- PROBLEM TO SOLVE -
Begin at the line containing "for centre in" in the data below and go on through the line containing "for centre, radius, start, end", repeating each line exactly; include both ends and no other line.

- Collected data entries -

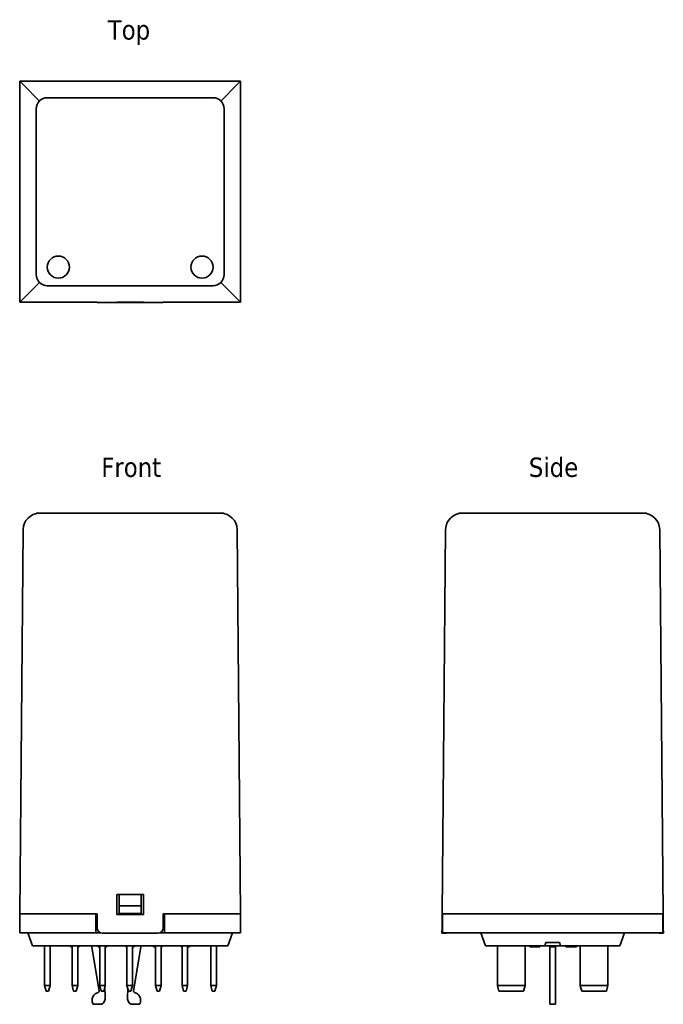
# Model space of a CAD drawing. Header units: millimetres. Extents: x 35 to 151, y 86 to 264.
import ezdxf

# ---------------------------------------------------------------- set-up
doc = ezdxf.new("R2010")
doc.units = ezdxf.units.MM
doc.layers.add('Symbol (ISO)', color=7, linetype='Continuous', lineweight=25)
doc.layers.add('Visible (ISO)', color=7, linetype='Continuous', lineweight=35)
doc.styles.add('Label Text (ISO)', font='TAHOMA.TTF')

msp = doc.modelspace()

# ---------------------------------------------------------------- linework, layer by layer
at = {"layer": 'Visible (ISO)'}
for p, q in [((34.65, 253.07), (34.65, 213.07)), ((34.65, 253.07), (48.65, 253.07)), ((34.65, 253.07), (35.27, 252.44)), ((48.65, 253.07), (48.65, 253.09)), ((59.65, 253.1), (49.65, 253.1)), ((52.25, 253.07), (57.05, 253.07)), ((52.25, 253.04), (52.25, 253.07)), ((57.05, 253.04), (52.25, 253.04)), ((57.05, 253.07), (57.05, 253.04)), ((60.65, 253.09), (60.65, 253.07)), ((60.65, 253.07), (74.65, 253.07)), ((74.03, 252.44), (74.65, 253.07)), ((74.65, 253.07), (74.65, 213.07)), ((38.23, 249.48), (35.27, 252.44)), ((74.03, 252.44), (71.06, 249.48)), ((39.65, 250.07), (69.65, 250.07)), ((37.65, 218.07), (37.65, 248.07)), ((71.65, 248.07), (71.65, 218.07)), ((35.27, 213.69), (38.23, 216.65)), ((69.65, 216.07), (39.65, 216.07)), ((71.06, 216.65), (74.03, 213.69)), ((35.27, 213.69), (34.65, 213.07)), ((48.65, 213.07), (34.65, 213.07)), ((48.65, 213.07), (48.65, 213.05)), ((59.65, 213.04), (49.65, 213.04)), ((52.25, 213.07), (52.25, 213.1)), ((52.25, 213.1), (57.05, 213.1)), ((57.05, 213.07), (52.25, 213.07)), ((57.05, 213.1), (57.05, 213.07)), ((74.65, 213.07), (60.65, 213.07)), ((60.65, 213.05), (60.65, 213.07)), ((74.65, 213.07), (74.03, 213.69)), ((37.65, 174.9), (37.65, 174.9)), ((39.65, 174.9), (37.65, 174.9)), ((37.65, 174.9), (39.65, 174.9)), ((69.65, 174.9), (39.65, 174.9)), ((69.65, 174.9), (39.65, 174.9)), ((71.65, 174.9), (69.65, 174.9)), ((69.65, 174.9), (71.65, 174.9)), ((71.65, 174.9), (71.65, 174.9)), ((116.14, 174.9), (114.14, 174.9)), ((114.14, 174.9), (116.14, 174.9)), ((114.14, 174.9), (114.14, 174.9)), ((146.14, 174.9), (116.14, 174.9)), ((146.14, 174.9), (116.14, 174.9)), ((148.14, 174.9), (146.14, 174.9)), ((146.14, 174.9), (148.14, 174.9)), ((148.14, 174.9), (148.14, 174.9)), ((35.27, 171.92), (34.65, 102.4)), ((74.65, 102.4), (74.03, 171.92)), ((111.14, 102.4), (111.76, 171.92)), ((150.51, 171.92), (151.14, 102.4)), ((52.25, 102.3), (52.25, 105.9)), ((52.25, 105.9), (57.05, 105.9)), ((52.65, 105.9), (52.65, 103.87)), ((56.65, 103.87), (56.65, 105.9)), ((57.05, 105.9), (57.05, 102.3)), ((52.65, 103.87), (52.65, 102.45)), ((56.65, 103.87), (52.65, 103.87)), ((56.65, 102.45), (56.65, 103.87)), ((48.65, 102.4), (34.65, 102.4)), ((34.7, 98.95), (34.7, 102.4)), ((48.45, 98.95), (48.45, 102.4)), ((48.65, 102.4), (48.65, 99.9)), ((57.05, 102.3), (52.25, 102.3)), ((56.65, 102.45), (52.65, 102.45)), ((52.65, 102.3), (52.65, 102.45)), ((56.65, 102.45), (56.65, 102.3)), ((74.65, 102.4), (60.65, 102.4)), ((60.65, 99.9), (60.65, 102.4)), ((60.85, 98.95), (60.85, 102.4)), ((74.6, 98.95), (74.6, 102.4)), ((111.11, 99.9), (111.14, 102.4)), ((151.14, 102.4), (111.14, 102.4)), ((111.19, 98.95), (111.19, 102.4)), ((151.09, 98.95), (151.09, 102.4)), ((151.16, 99.9), (151.14, 102.4)), ((111.1, 98.9), (111.11, 99.9)), ((151.16, 99.9), (151.17, 98.9)), ((37.7, 98.95), (34.7, 98.95)), ((36.15, 98.95), (36.99, 96.65)), ((37.7, 98.95), (48.45, 98.95)), ((49.34, 98.95), (48.45, 98.95)), ((59.65, 98.9), (49.65, 98.9)), ((60.85, 98.95), (59.96, 98.95)), ((60.85, 98.95), (71.6, 98.95)), ((74.6, 98.95), (71.6, 98.95)), ((73.15, 98.95), (72.31, 96.65)), ((111.1, 98.9), (111.61, 98.9)), ((114.19, 98.95), (111.19, 98.95)), ((114.19, 98.95), (148.09, 98.95)), ((118.14, 98.95), (118.97, 96.65)), ((144.14, 98.95), (143.3, 96.65)), ((151.09, 98.95), (148.09, 98.95)), ((150.66, 98.9), (151.17, 98.9)), ((37.65, 96.65), (36.99, 96.65)), ((37.65, 96.65), (71.65, 96.65)), ((39.15, 89.45), (39.15, 96.65)), ((40.15, 96.65), (40.15, 89.45)), ((43.87, 96.65), (43.87, 96.45)), ((43.96, 96.65), (43.96, 96.45)), ((44.15, 96.45), (43.96, 96.45)), ((44.15, 89.45), (44.15, 96.65)), ((45.15, 96.65), (45.15, 89.45)), ((45.34, 96.45), (45.15, 96.45)), ((45.34, 96.65), (45.34, 96.45)), ((45.43, 96.65), (45.43, 96.45)), ((47.7, 96.65), (47.7, 96.45)), ((49.02, 88.43), (47.7, 96.45)), ((48.88, 96.65), (48.88, 96.45)), ((48.97, 96.65), (48.97, 96.45)), ((49.15, 96.45), (48.97, 96.45)), ((49.15, 89.45), (49.15, 96.65)), ((50.15, 96.65), (50.15, 89.45)), ((50.41, 96.45), (50.15, 96.45)), ((50.41, 96.65), (50.41, 96.45)), ((50.43, 96.65), (50.43, 96.45)), ((53.86, 96.65), (53.86, 96.45)), ((53.9, 96.65), (53.9, 96.45)), ((54.05, 96.45), (53.9, 96.45)), ((54.05, 96.65), (54.05, 96.62)), ((54.05, 96.62), (54.05, 89.45)), ((55.05, 96.62), (55.05, 96.65)), ((55.05, 89.45), (55.05, 96.62)), ((55.22, 96.45), (55.05, 96.45)), ((55.22, 96.65), (55.22, 96.45)), ((55.4, 96.45), (55.22, 96.45)), ((56.6, 96.45), (55.28, 88.43)), ((55.4, 96.65), (55.4, 96.45)), ((56.6, 96.65), (56.6, 96.45)), ((58.87, 96.65), (58.87, 96.45)), ((58.87, 96.65), (58.87, 96.45)), ((58.89, 96.65), (58.89, 96.45)), ((59.08, 96.45), (58.89, 96.45)), ((59.08, 96.65), (59.08, 96.45)), ((59.25, 96.65), (59.25, 96.62)), ((59.25, 96.62), (59.25, 89.45)), ((60.25, 96.62), (60.25, 96.65)), ((60.25, 89.45), (60.25, 96.62)), ((60.43, 96.65), (60.43, 96.45)), ((60.43, 96.65), (60.43, 96.45)), ((63.88, 96.65), (63.88, 96.45)), ((63.9, 96.45), (63.88, 96.45)), ((63.9, 96.65), (63.9, 96.45)), ((64.05, 96.45), (63.9, 96.45)), ((64.05, 96.65), (64.05, 96.62)), ((64.05, 96.62), (64.05, 89.45)), ((65.05, 96.62), (65.05, 96.65)), ((65.05, 96.65), (65.05, 96.45)), ((65.05, 89.45), (65.05, 96.62)), ((65.19, 96.45), (65.05, 96.45)), ((65.05, 96.45), (65.05, 96.45)), ((65.19, 96.65), (65.19, 96.45)), ((65.4, 96.65), (65.4, 96.45)), ((65.41, 96.65), (65.41, 96.45)), ((69.25, 96.65), (69.25, 96.62)), ((69.25, 96.62), (69.25, 89.45)), ((70.25, 96.62), (70.25, 96.65)), ((70.25, 89.45), (70.25, 96.62)), ((72.31, 96.65), (71.65, 96.65)), ((119.64, 96.65), (118.97, 96.65)), ((119.64, 96.65), (129.7, 96.65)), ((121.14, 89.45), (121.14, 96.62)), ((126.14, 96.62), (126.14, 89.45)), ((126.99, 96.65), (126.99, 96.45)), ((127.3, 96.65), (127.3, 96.45)), ((127.45, 96.45), (127.3, 96.45)), ((127.45, 96.65), (127.45, 96.45)), ((127.72, 96.45), (127.45, 96.45)), ((127.72, 96.65), (127.72, 96.45)), ((128.11, 96.65), (128.11, 96.45)), ((128.42, 96.65), (128.42, 96.45)), ((128.58, 96.45), (128.42, 96.45)), ((128.58, 96.65), (128.58, 96.45)), ((128.84, 96.45), (128.58, 96.45)), ((128.84, 96.65), (128.84, 96.45)), ((129.7, 96.65), (129.92, 97.25)), ((132.57, 96.65), (129.7, 96.65)), ((129.92, 97.25), (132.36, 97.25)), ((130.64, 96.65), (130.64, 96.45)), ((130.64, 96.45), (130.64, 88.43)), ((131.64, 96.45), (130.64, 96.45)), ((131.64, 96.65), (131.64, 96.45)), ((131.64, 88.43), (131.64, 96.45)), ((132.36, 97.25), (132.57, 96.65)), ((132.57, 96.65), (142.64, 96.65)), ((133.49, 96.65), (133.49, 96.45)), ((133.8, 96.65), (133.8, 96.45)), ((133.95, 96.45), (133.8, 96.45)), ((133.95, 96.65), (133.95, 96.45)), ((134.22, 96.45), (133.95, 96.45)), ((134.22, 96.65), (134.22, 96.45)), ((134.47, 96.65), (134.47, 96.45)), ((134.49, 96.65), (134.49, 96.45)), ((134.53, 96.65), (134.53, 96.45)), ((135.36, 96.65), (135.36, 96.45)), ((135.42, 96.45), (135.36, 96.45)), ((135.42, 96.65), (135.42, 96.45)), ((135.43, 96.65), (135.43, 96.45)), ((136.14, 89.45), (136.14, 96.62)), ((141.14, 96.62), (141.14, 89.45)), ((143.3, 96.65), (142.64, 96.65)), ((39.42, 88.45), (39.15, 89.45)), ((39.15, 89.45), (40.15, 89.45)), ((40.15, 89.45), (39.88, 88.45)), ((44.42, 88.45), (44.15, 89.45)), ((44.15, 89.45), (45.15, 89.45)), ((45.15, 89.45), (44.88, 88.45)), ((49.42, 88.45), (49.15, 89.45)), ((49.15, 89.45), (50.15, 89.45)), ((50.15, 89.45), (49.88, 88.45)), ((50.06, 89.11), (50.15, 87.32)), ((55.05, 89.45), (54.05, 89.45)), ((54.05, 89.45), (54.32, 88.45)), ((54.78, 88.45), (55.05, 89.45)), ((60.25, 89.45), (59.25, 89.45)), ((59.25, 89.45), (59.52, 88.45)), ((59.98, 88.45), (60.25, 89.45)), ((65.05, 89.45), (64.05, 89.45)), ((64.05, 89.45), (64.32, 88.45)), ((64.78, 88.45), (65.05, 89.45)), ((70.25, 89.45), (69.25, 89.45)), ((69.25, 89.45), (69.52, 88.45)), ((69.98, 88.45), (70.25, 89.45)), ((126.14, 89.45), (121.14, 89.45)), ((121.4, 88.45), (121.14, 89.45)), ((126.14, 89.45), (125.87, 88.45)), ((136.4, 88.45), (136.14, 89.45)), ((141.14, 89.45), (136.14, 89.45)), ((141.14, 89.45), (140.87, 88.45)), ((39.42, 88.45), (39.88, 88.45)), ((44.42, 88.45), (44.88, 88.45)), ((49.42, 88.45), (49.88, 88.45)), ((54.15, 87.32), (54.22, 88.79)), ((54.32, 88.45), (54.78, 88.45)), ((59.52, 88.45), (59.98, 88.45)), ((64.32, 88.45), (64.78, 88.45)), ((69.52, 88.45), (69.98, 88.45)), ((121.4, 88.45), (125.87, 88.45)), ((130.64, 88.43), (130.64, 88.2)), ((130.64, 86.17), (130.64, 88.2)), ((131.64, 88.2), (131.64, 88.43)), ((131.64, 88.2), (131.64, 86.17)), ((136.4, 88.45), (140.87, 88.45)), ((49.55, 86.05), (48.05, 86.05)), ((56.25, 86.05), (54.75, 86.05)), ((130.64, 86.05), (130.64, 86.17)), ((131.64, 86.05), (130.64, 86.05)), ((131.64, 86.17), (131.64, 86.05))]:
    msp.add_line(p, q, dxfattribs=at)
for centre in [(41.65, 219.42), (67.65, 219.42)]:
    msp.add_circle(centre, 2, dxfattribs=at)
for centre, radius, start, end in [((39.65, 248.07), 2, 90, 180), ((69.65, 248.07), 2, 0, 90), ((39.65, 218.07), 2, 180, 270), ((69.65, 218.07), 2, 270, 0), ((38.27, 171.9), 3, 90, 179.4863), ((71.03, 171.9), 3, 0.5137, 90), ((114.76, 171.9), 3, 90, 179.4863), ((147.51, 171.9), 3, 0.5137, 90), ((49.65, 99.9), 1, 180, 270), ((59.65, 99.9), 1, 270, 0), ((111.61, 99.9), 1, 270, 288.1949), ((150.66, 99.9), 1, 251.8051, 270), ((119.94, 96.62), 1.2, 0, 1.3321), ((127.34, 96.62), 1.2, 178.6679, 180), ((134.94, 96.62), 1.2, 0, 1.3321), ((142.34, 96.62), 1.2, 178.6679, 180), ((49.25, 86.75), 1.5, 104.6073, 202.6199), ((48.82, 88.39), 0.2, 284.6073, 9.334), ((48.65, 87.25), 1.5, 306.8699, 2.8207), ((55.65, 87.25), 1.5, 177.1793, 233.1301), ((55.48, 88.39), 0.2, 170.666, 255.3927), ((55.05, 86.75), 1.5, 337.3801, 75.3927), ((48.05, 86.25), 0.2, 202.6199, 270), ((56.25, 86.25), 0.2, 270, 337.3801)]:
    msp.add_arc(centre, radius, start, end, dxfattribs=at)
for centre, major_axis, start_param, end_param in [((49.65, 253.09), (1, 0), 1.570796, 3.141593), ((59.65, 253.09), (1, 0), 0, 1.570796), ((49.65, 213.05), (-1, 0), 0, 1.570796), ((59.65, 213.05), (-1, 0), 1.570796, 3.141593)]:
    msp.add_ellipse(centre, major_axis=major_axis, ratio=0.008966, start_param=start_param, end_param=end_param, dxfattribs=at)
for points, knots in [([(43.96, 96.45), (43.93, 96.45), (43.91, 96.45), (43.89, 96.45), (43.87, 96.45), (43.87, 96.45)], [-0.08751207, -0.08751207, -0.08751207, -0.08751207, -0.03213968, -0.03213968, 0, 0, 0, 0]), ([(45.43, 96.45), (45.43, 96.45), (45.42, 96.45), (45.39, 96.45), (45.37, 96.45), (45.34, 96.45)], [-0.04628431, -0.04628431, -0.04628431, -0.04628431, -0.0192821, -0.0192821, 0, 0, 0, 0]), ([(48.97, 96.45), (48.94, 96.45), (48.92, 96.45), (48.9, 96.45), (48.88, 96.45), (48.88, 96.45)], [-0.07575972, -0.07575972, -0.07575972, -0.07575972, -0.02935871, -0.02935871, 0, 0, 0, 0]), ([(53.9, 96.45), (53.9, 96.45), (53.9, 96.45), (53.88, 96.45), (53.86, 96.45), (53.86, 96.45)], [-0.02913872, -0.02913872, -0.02913872, -0.02913872, -0.02875263, -0.02875263, 0, 0, 0, 0]), ([(58.89, 96.45), (58.88, 96.45), (58.88, 96.45), (58.87, 96.45), (58.87, 96.45), (58.87, 96.45)], [-0.05508981, -0.05508981, -0.05508981, -0.05508981, -0.01261077, -0.01261077, 0, 0, 0, 0]), ([(59.25, 96.45), (59.2, 96.45), (59.17, 96.45), (59.12, 96.45), (59.1, 96.45), (59.08, 96.45)], [-0.04054762, -0.04054762, -0.04054762, -0.04054762, -0.03208773, -0.03208773, -0.01993544, -0.01993544, -0.01993544, -0.01993544]), ([(60.43, 96.45), (60.43, 96.45), (60.42, 96.45), (60.41, 96.45), (60.39, 96.45), (60.36, 96.45), (60.33, 96.45), (60.29, 96.45)], [-0.0318597, -0.0318597, -0.0318597, -0.0318597, -0.02471695, -0.02471695, -0.01611124, -0.01611124, 0, 0, 0, 0]), ([(65.4, 96.45), (65.38, 96.45), (65.36, 96.45), (65.32, 96.45), (65.31, 96.45), (65.28, 96.45), (65.26, 96.45), (65.24, 96.45), (65.23, 96.45), (65.2, 96.45), (65.19, 96.45), (65.19, 96.45)], [-0.09896045, -0.09896045, -0.09896045, -0.09896045, -0.0750712, -0.0750712, -0.05445171, -0.05445171, -0.03210432, -0.03210432, -0.01922608, -0.01922608, 0, 0, 0, 0]), ([(127.3, 96.45), (127.3, 96.45), (127.29, 96.45), (127.28, 96.45), (127.28, 96.45), (127.26, 96.45), (127.25, 96.45), (127.22, 96.45), (127.21, 96.45), (127.12, 96.45), (127.05, 96.45), (126.99, 96.45)], [-0.09896045, -0.09896045, -0.09896045, -0.09896045, -0.0750712, -0.0750712, -0.05445171, -0.05445171, -0.03210432, -0.03210432, -0.01922608, -0.01922608, 0, 0, 0, 0]), ([(127.87, 96.45), (127.83, 96.45), (127.8, 96.45), (127.75, 96.45), (127.73, 96.45), (127.72, 96.45)], [-0.0318597, -0.0318597, -0.0318597, -0.0318597, -0.02471695, -0.02471695, -0.02150391, -0.02150391, -0.02150391, -0.02150391]), ([(128.11, 96.45), (128.09, 96.45), (128.07, 96.45), (128.02, 96.45), (127.96, 96.45), (127.87, 96.45)], [-0.04134881, -0.04134881, -0.04134881, -0.04134881, -0.0267443, -0.0267443, 0, 0, 0, 0]), ([(128.42, 96.45), (128.42, 96.45), (128.42, 96.45), (128.41, 96.45), (128.4, 96.45), (128.38, 96.45), (128.37, 96.45), (128.35, 96.45), (128.33, 96.45), (128.24, 96.45), (128.18, 96.45), (128.11, 96.45)], [-0.09896045, -0.09896045, -0.09896045, -0.09896045, -0.0750712, -0.0750712, -0.05445171, -0.05445171, -0.03210432, -0.03210432, -0.01922608, -0.01922608, 0, 0, 0, 0]), ([(133.8, 96.45), (133.8, 96.45), (133.79, 96.45), (133.78, 96.45), (133.78, 96.45), (133.76, 96.45), (133.75, 96.45), (133.72, 96.45), (133.71, 96.45), (133.62, 96.45), (133.55, 96.45), (133.49, 96.45)], [-0.09896045, -0.09896045, -0.09896045, -0.09896045, -0.0750712, -0.0750712, -0.05445171, -0.05445171, -0.03210432, -0.03210432, -0.01922608, -0.01922608, 0, 0, 0, 0]), ([(134.39, 96.45), (134.35, 96.45), (134.31, 96.45), (134.25, 96.45), (134.24, 96.45), (134.22, 96.45)], [-0.05426751, -0.05426751, -0.05426751, -0.05426751, -0.04746039, -0.04746039, -0.04421096, -0.04421096, -0.04421096, -0.04421096]), ([(134.91, 96.45), (134.84, 96.45), (134.77, 96.45), (134.67, 96.45), (134.59, 96.45), (134.53, 96.45)], [-0.06810404, -0.06810404, -0.06810404, -0.06810404, -0.020358, -0.020358, 0, 0, 0, 0]), ([(135.36, 96.45), (135.36, 96.45), (135.36, 96.45), (135.34, 96.45), (135.34, 96.45), (135.31, 96.45), (135.28, 96.45), (135.22, 96.45), (135.18, 96.45), (135.05, 96.45), (134.98, 96.45), (134.91, 96.45)], [-0.09448366, -0.09448366, -0.09448366, -0.09448366, -0.07854395, -0.07854395, -0.0638542, -0.0638542, -0.03998122, -0.03998122, -0.02102332, -0.02102332, 0, 0, 0, 0])]:
    msp.add_open_spline(points, degree=3, knots=knots, dxfattribs=at)
for points in [[(50.43, 96.45), (50.43, 96.45), (50.42, 96.45), (50.41, 96.45)], [(58.87, 96.45), (58.87, 96.45), (58.87, 96.45), (58.87, 96.45)], [(60.29, 96.45), (60.28, 96.45), (60.26, 96.45), (60.25, 96.45)], [(60.43, 96.45), (60.43, 96.45), (60.43, 96.45), (60.43, 96.45)], [(65.41, 96.45), (65.41, 96.45), (65.41, 96.45), (65.4, 96.45)], [(134.47, 96.45), (134.44, 96.45), (134.41, 96.45), (134.39, 96.45)], [(134.49, 96.45), (134.48, 96.45), (134.47, 96.45), (134.47, 96.45)], [(134.53, 96.45), (134.52, 96.45), (134.51, 96.45), (134.49, 96.45)], [(135.43, 96.45), (135.43, 96.45), (135.43, 96.45), (135.42, 96.45)]]:
    msp.add_open_spline(points, degree=3, dxfattribs=at)

# ---------------------------------------------------------------- texts
at = {"layer": 'Symbol (ISO)', "char_height": 3.5, "attachment_point": 7, "style": 'Label Text (ISO)'}
for s, insert in [('Top', (50.6, 259.6)), ('Side', (126.83, 181.4))]:
    msp.add_mtext(s, dxfattribs=dict(at, insert=insert))
at = {"layer": 'Symbol (ISO)', "insert": (49.42, 181.4), "char_height": 3.5, "attachment_point": 7, "line_spacing_factor": 1.16, "style": 'Label Text (ISO)'}
msp.add_mtext('Front', dxfattribs=at)

doc.saveas('drawing.dxf')

- SOLVED PROBLEM -
for centre in [(41.65, 219.42), (67.65, 219.42)]:
    msp.add_circle(centre, 2, dxfattribs=at)
for centre, radius, start, end in [((39.65, 248.07), 2, 90, 180), ((69.65, 248.07), 2, 0, 90), ((39.65, 218.07), 2, 180, 270), ((69.65, 218.07), 2, 270, 0), ((38.27, 171.9), 3, 90, 179.4863), ((71.03, 171.9), 3, 0.5137, 90), ((114.76, 171.9), 3, 90, 179.4863), ((147.51, 171.9), 3, 0.5137, 90), ((49.65, 99.9), 1, 180, 270), ((59.65, 99.9), 1, 270, 0), ((111.61, 99.9), 1, 270, 288.1949), ((150.66, 99.9), 1, 251.8051, 270), ((119.94, 96.62), 1.2, 0, 1.3321), ((127.34, 96.62), 1.2, 178.6679, 180), ((134.94, 96.62), 1.2, 0, 1.3321), ((142.34, 96.62), 1.2, 178.6679, 180), ((49.25, 86.75), 1.5, 104.6073, 202.6199), ((48.82, 88.39), 0.2, 284.6073, 9.334), ((48.65, 87.25), 1.5, 306.8699, 2.8207), ((55.65, 87.25), 1.5, 177.1793, 233.1301), ((55.48, 88.39), 0.2, 170.666, 255.3927), ((55.05, 86.75), 1.5, 337.3801, 75.3927), ((48.05, 86.25), 0.2, 202.6199, 270), ((56.25, 86.25), 0.2, 270, 337.3801)]:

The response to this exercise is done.